=== DATA EXTRACTS ===
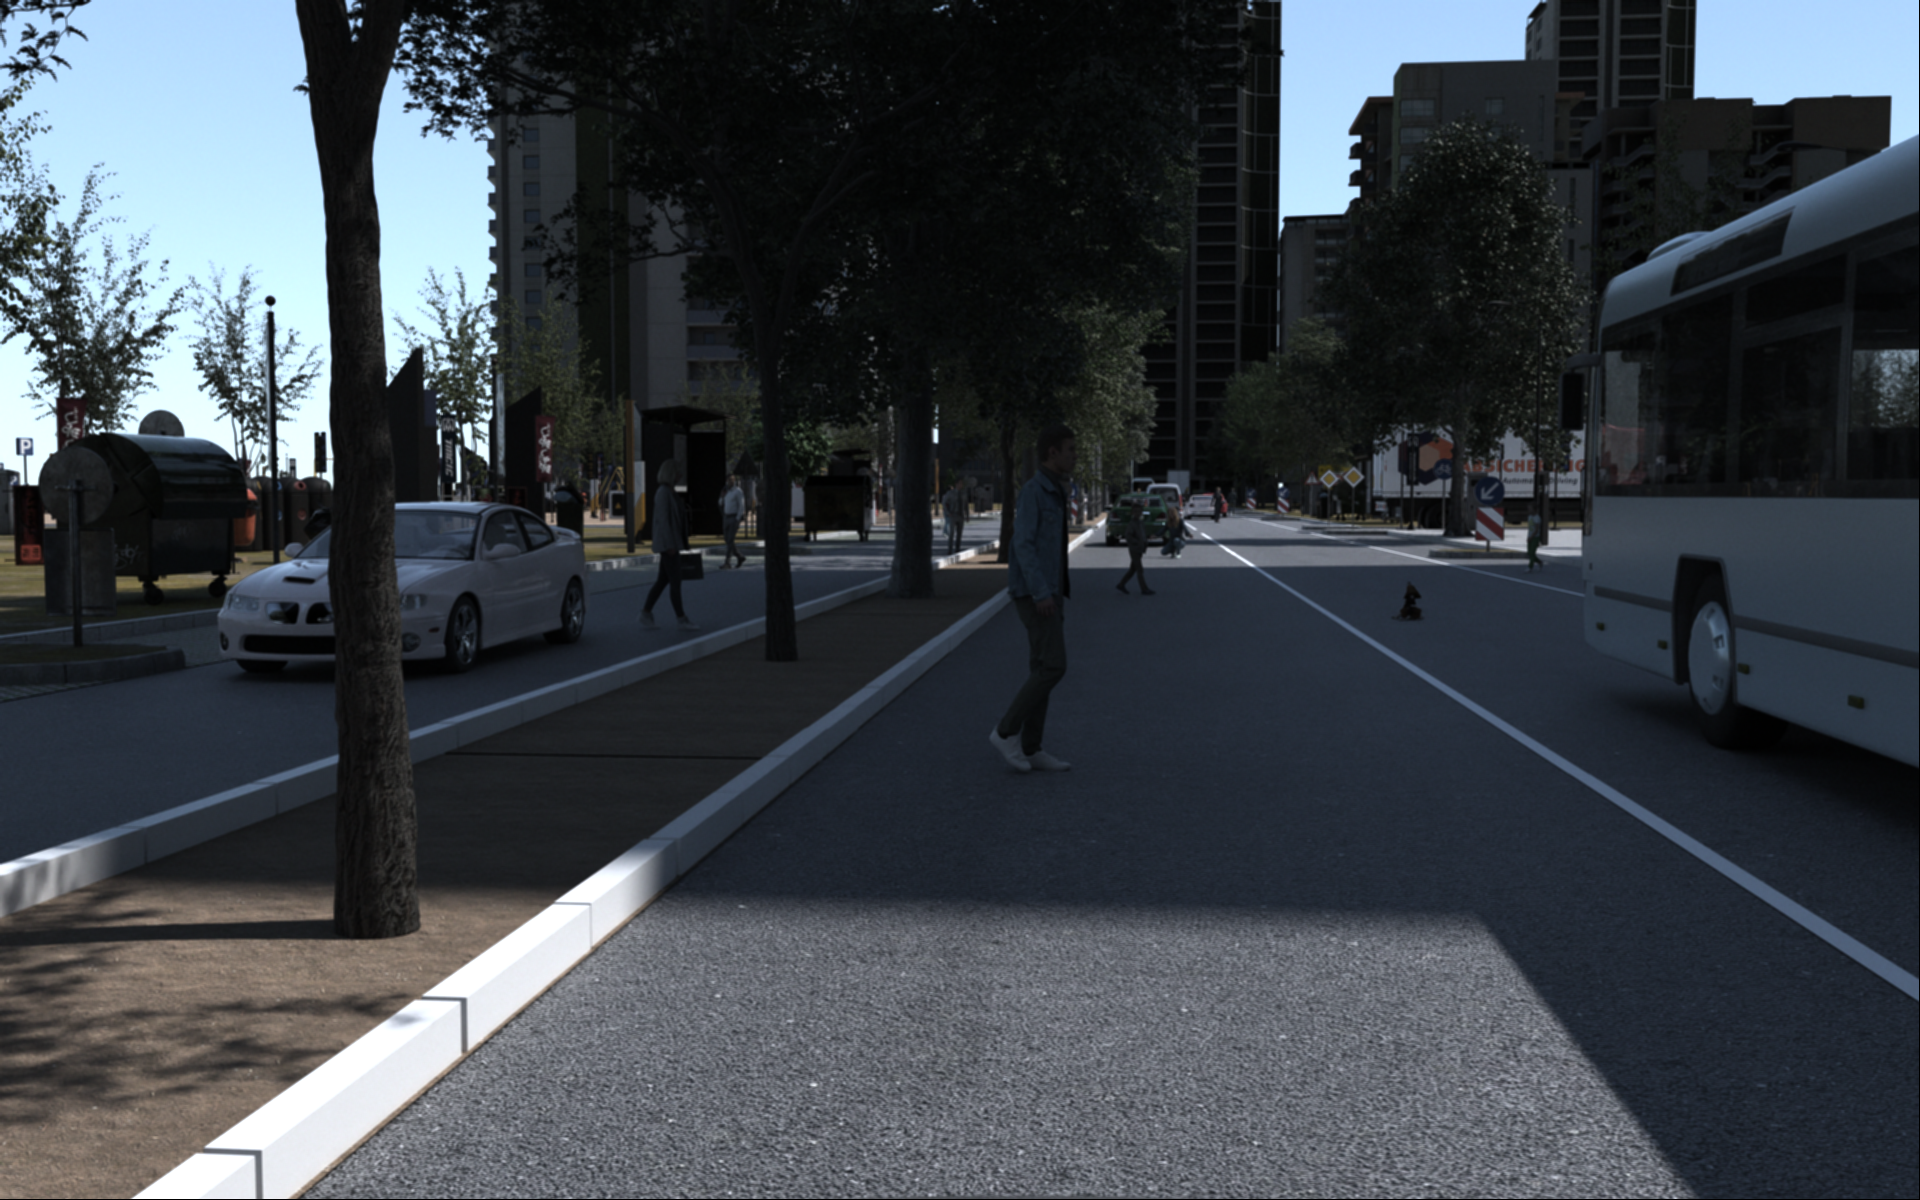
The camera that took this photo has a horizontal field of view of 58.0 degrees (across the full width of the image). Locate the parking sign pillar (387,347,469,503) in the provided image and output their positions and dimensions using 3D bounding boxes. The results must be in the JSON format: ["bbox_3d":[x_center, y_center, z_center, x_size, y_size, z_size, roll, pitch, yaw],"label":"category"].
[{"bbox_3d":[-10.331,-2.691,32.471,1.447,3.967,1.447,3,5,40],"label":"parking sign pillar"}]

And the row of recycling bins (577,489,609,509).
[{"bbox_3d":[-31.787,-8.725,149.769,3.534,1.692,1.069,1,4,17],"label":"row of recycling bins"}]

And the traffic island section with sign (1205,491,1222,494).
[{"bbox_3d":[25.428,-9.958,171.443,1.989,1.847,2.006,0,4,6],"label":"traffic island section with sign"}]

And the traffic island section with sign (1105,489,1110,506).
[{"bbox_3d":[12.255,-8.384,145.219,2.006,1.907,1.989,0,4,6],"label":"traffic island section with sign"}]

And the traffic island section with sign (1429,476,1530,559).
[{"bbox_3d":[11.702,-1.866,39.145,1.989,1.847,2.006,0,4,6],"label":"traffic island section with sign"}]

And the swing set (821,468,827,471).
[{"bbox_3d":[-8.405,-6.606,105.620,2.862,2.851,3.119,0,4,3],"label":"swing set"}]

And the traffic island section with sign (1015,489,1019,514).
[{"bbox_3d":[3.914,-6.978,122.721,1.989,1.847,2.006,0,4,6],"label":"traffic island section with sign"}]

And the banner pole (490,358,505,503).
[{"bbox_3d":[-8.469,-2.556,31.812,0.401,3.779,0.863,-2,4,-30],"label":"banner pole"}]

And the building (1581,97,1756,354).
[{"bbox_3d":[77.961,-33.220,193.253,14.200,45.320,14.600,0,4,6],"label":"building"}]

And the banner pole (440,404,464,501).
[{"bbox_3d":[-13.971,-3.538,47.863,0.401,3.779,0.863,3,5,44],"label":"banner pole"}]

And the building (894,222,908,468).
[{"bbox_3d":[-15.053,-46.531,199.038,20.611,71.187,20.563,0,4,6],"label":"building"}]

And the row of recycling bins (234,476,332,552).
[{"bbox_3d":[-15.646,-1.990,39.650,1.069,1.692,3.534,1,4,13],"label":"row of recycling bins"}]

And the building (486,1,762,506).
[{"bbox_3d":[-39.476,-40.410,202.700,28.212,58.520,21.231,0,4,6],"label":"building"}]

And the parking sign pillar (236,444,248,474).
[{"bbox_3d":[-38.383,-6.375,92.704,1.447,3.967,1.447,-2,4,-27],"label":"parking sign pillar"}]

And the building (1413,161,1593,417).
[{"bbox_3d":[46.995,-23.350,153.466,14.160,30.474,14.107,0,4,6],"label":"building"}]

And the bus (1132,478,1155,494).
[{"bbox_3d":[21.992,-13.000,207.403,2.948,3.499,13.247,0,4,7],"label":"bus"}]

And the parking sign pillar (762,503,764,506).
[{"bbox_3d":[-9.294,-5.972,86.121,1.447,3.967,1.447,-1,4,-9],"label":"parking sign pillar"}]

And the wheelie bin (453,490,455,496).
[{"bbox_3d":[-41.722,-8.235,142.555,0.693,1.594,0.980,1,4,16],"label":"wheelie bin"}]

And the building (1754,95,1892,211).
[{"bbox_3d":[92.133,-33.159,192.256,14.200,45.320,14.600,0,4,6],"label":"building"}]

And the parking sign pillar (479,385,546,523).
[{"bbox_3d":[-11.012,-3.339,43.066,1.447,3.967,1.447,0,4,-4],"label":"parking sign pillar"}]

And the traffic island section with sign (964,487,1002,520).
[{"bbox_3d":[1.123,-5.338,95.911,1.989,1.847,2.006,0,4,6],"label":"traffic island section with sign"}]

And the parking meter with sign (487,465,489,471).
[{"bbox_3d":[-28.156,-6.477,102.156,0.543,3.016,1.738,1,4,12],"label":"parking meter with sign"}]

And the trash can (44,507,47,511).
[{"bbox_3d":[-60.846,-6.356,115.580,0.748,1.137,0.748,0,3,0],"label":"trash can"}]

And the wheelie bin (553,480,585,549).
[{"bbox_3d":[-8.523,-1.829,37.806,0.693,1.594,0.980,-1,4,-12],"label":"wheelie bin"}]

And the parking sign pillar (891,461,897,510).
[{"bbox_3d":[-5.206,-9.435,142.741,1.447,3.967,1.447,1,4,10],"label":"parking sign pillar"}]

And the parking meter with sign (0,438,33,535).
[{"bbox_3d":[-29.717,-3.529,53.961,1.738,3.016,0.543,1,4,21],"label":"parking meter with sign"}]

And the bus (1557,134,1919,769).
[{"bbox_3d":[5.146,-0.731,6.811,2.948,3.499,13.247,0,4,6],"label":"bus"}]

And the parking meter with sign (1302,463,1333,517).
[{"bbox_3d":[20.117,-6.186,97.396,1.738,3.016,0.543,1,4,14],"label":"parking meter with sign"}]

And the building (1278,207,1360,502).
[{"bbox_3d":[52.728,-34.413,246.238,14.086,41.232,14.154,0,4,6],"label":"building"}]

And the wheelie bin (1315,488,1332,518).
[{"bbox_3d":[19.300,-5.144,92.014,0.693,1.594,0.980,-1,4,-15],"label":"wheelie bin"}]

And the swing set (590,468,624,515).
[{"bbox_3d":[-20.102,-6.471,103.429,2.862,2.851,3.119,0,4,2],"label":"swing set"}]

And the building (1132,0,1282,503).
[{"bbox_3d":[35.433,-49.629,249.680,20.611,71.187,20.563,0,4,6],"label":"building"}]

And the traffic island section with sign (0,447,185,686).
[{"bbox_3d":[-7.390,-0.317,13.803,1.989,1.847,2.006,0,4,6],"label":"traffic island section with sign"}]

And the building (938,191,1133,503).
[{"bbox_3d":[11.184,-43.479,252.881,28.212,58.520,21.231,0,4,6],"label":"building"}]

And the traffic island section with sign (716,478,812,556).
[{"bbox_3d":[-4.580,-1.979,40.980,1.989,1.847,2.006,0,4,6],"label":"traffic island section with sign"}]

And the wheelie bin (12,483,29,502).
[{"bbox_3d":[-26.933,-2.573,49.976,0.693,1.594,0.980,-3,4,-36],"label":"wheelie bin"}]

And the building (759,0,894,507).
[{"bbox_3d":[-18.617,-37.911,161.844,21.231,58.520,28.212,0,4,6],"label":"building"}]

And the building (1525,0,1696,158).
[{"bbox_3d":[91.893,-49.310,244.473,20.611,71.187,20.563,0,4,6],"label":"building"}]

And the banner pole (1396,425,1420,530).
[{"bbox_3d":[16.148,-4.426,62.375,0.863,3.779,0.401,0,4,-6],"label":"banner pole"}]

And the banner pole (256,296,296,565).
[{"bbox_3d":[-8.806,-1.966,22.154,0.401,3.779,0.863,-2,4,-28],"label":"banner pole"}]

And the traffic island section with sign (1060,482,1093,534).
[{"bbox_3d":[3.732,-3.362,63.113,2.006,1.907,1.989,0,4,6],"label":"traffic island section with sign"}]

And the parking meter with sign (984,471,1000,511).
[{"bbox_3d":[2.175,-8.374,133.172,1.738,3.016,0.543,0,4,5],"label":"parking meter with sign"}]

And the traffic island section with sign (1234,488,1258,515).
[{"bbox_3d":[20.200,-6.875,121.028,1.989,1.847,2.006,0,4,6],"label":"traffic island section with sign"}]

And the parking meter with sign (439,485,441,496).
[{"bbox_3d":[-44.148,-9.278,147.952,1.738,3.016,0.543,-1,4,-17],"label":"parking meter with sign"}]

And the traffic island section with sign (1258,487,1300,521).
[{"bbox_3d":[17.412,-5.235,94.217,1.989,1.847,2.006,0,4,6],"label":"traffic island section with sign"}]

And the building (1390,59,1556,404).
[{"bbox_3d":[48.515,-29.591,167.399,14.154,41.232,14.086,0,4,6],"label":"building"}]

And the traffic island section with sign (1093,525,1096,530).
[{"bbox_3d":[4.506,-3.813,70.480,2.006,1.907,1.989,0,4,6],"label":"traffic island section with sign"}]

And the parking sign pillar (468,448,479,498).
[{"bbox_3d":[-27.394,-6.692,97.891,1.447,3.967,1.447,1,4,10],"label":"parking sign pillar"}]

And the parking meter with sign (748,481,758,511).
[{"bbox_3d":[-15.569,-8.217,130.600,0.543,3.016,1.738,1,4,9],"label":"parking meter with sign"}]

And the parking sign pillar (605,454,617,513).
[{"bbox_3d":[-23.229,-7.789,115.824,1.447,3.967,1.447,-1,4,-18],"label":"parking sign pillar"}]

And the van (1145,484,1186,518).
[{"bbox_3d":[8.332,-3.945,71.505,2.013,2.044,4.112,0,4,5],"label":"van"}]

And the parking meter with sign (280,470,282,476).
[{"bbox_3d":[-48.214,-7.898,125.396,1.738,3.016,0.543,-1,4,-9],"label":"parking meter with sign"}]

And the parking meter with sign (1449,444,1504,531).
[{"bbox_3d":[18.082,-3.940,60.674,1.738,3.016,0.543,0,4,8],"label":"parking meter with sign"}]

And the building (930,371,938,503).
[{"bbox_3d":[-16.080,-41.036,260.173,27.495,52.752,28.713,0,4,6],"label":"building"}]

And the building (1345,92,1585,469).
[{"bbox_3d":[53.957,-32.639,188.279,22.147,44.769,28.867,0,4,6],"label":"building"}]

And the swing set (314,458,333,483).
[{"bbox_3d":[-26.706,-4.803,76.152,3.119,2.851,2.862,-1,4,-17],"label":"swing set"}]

=== TASK ===
Retype exactly the lines from the one containing "And the parking meter with sign (1449,444,1504,531)." through the last line of the records above, including both.

=== EXERCISE OUTPUT ===
And the parking meter with sign (1449,444,1504,531).
[{"bbox_3d":[18.082,-3.940,60.674,1.738,3.016,0.543,0,4,8],"label":"parking meter with sign"}]

And the building (930,371,938,503).
[{"bbox_3d":[-16.080,-41.036,260.173,27.495,52.752,28.713,0,4,6],"label":"building"}]

And the building (1345,92,1585,469).
[{"bbox_3d":[53.957,-32.639,188.279,22.147,44.769,28.867,0,4,6],"label":"building"}]

And the swing set (314,458,333,483).
[{"bbox_3d":[-26.706,-4.803,76.152,3.119,2.851,2.862,-1,4,-17],"label":"swing set"}]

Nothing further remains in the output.